Muhiddin-iARABİ (1165-1240).

O yaklaşık 700 yıl evvel gelecekle ilgili kitabında önsezilerini bu türlü lisana getirdi. Ayrıntılardan bütüne gittiğimizde ise güya Mustafa Kemal Atatürk’ü tanım ediyordu. Bazılarının önsezi, altıncı his, duru görü, üçüncü göz, hissi kablel vuku, olarak değerlendirdiği güçlerden yararlanmak çok kişisel kimselere verilmişti. Tahminen de hepimizde az çok vardı da biz bunları değerlendiremiyorduk.

Bilim adamları bu güçlerin kaynağını araştırıyor. Birtakım bilim adamlarına nazaran geleceği görme yeteneğinin merkezi, diansefal dediğimiz ve sempatik had sisteminin birleştiği dimağ merkezidir. Bu hudut sistemi, Merkezi Hudut Sistemi denilen ve vücut hareketleri yani bilinçli hareketleri denetim eden hudut sisteminden büsbütün oburdur. Bir başka görüş Colorada Üniversitesi nöroloji mütehassıslarından Steven F. Maier’den geliyor; ‘Bağışıklık sistemini kıymetli bir duyu organı olarak kabul ediyoruz’ diyor. Bağışıklık sisteminin yalnızca vücudu mikroplardan korumadığını ayrıyeten beyefendisini harekete geçirerek gerekli reaksiyonları vermesi konusunda uyardığını düşünülüyor.

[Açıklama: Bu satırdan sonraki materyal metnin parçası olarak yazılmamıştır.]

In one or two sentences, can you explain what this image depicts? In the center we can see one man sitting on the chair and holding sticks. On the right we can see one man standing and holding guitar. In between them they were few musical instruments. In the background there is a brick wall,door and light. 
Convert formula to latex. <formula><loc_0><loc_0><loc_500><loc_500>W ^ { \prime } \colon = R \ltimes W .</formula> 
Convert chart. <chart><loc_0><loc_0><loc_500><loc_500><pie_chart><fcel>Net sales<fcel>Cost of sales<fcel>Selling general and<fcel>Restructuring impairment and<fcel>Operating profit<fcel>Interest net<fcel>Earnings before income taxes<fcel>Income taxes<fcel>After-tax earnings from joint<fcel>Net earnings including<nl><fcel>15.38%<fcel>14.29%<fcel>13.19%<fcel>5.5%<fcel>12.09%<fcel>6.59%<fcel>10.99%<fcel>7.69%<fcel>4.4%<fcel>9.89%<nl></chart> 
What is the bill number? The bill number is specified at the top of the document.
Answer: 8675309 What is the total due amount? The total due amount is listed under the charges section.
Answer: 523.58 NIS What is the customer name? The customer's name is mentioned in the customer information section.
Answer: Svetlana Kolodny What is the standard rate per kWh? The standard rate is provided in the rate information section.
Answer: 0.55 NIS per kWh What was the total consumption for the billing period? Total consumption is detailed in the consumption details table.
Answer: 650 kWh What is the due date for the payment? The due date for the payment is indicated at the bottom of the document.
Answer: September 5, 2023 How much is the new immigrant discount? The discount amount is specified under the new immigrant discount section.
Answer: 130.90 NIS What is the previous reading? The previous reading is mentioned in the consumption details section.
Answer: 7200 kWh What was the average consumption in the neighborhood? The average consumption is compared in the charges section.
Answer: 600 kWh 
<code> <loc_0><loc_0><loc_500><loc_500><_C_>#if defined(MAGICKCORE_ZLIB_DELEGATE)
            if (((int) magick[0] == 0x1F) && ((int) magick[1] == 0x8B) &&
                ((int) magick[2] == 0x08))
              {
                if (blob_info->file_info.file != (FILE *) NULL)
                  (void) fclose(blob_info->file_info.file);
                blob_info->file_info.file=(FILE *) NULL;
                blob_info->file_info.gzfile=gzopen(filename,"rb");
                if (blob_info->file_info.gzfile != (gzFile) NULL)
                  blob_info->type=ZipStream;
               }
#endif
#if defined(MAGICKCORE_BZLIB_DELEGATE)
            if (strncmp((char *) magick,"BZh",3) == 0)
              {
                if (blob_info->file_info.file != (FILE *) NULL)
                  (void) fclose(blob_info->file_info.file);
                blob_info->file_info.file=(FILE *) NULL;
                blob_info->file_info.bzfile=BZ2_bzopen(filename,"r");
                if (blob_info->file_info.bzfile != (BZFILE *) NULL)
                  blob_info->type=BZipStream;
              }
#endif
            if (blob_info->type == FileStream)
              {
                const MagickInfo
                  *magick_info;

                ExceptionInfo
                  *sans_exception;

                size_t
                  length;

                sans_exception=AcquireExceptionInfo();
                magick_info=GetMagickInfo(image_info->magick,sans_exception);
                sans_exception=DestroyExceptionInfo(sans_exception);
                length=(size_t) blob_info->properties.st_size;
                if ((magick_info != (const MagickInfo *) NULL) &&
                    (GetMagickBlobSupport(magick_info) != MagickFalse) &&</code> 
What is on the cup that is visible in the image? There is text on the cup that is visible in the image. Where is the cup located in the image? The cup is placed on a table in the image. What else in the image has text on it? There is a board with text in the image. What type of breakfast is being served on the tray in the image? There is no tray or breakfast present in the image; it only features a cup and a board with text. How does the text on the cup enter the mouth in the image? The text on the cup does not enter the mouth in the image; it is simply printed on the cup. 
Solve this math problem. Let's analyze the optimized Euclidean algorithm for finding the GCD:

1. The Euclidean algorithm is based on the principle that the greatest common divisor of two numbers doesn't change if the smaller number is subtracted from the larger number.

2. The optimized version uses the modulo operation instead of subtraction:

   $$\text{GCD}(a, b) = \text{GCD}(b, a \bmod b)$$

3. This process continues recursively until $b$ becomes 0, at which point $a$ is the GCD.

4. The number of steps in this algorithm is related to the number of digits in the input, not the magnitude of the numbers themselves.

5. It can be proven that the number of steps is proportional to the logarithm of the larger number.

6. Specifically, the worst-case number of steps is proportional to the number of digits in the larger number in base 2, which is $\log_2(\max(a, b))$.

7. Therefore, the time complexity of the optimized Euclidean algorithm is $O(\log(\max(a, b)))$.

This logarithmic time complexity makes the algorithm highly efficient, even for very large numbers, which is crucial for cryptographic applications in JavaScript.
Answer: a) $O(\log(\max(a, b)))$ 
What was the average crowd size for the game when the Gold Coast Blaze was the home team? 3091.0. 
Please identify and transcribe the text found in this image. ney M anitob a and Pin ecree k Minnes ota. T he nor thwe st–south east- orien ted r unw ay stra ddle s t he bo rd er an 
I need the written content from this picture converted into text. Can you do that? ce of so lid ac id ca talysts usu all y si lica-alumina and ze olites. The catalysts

İçime doğdu ben bunu biliyordum..!

Muhyiddin-i Arabi yahut Nostradamus üzere bu işin kitabını yazacak olağandışı güçlerimiz olmasa bile, halk arasında “içime doğdu”, “sezdim” olarak tabir edilen öngörü ya da altıncı his derhal acilen bütün kişilerde mevcuttur. Günlük hayatın içinde hayatın içinde gözlemlemeniz mümkündür. Fakat, beşerler tam bir koşuşturma içinde bulundukları için bu olağandışılığın farkına varamazlar. Fark etseler bile tesadüf deyip makbul ve büyük bir süratle unuturlar.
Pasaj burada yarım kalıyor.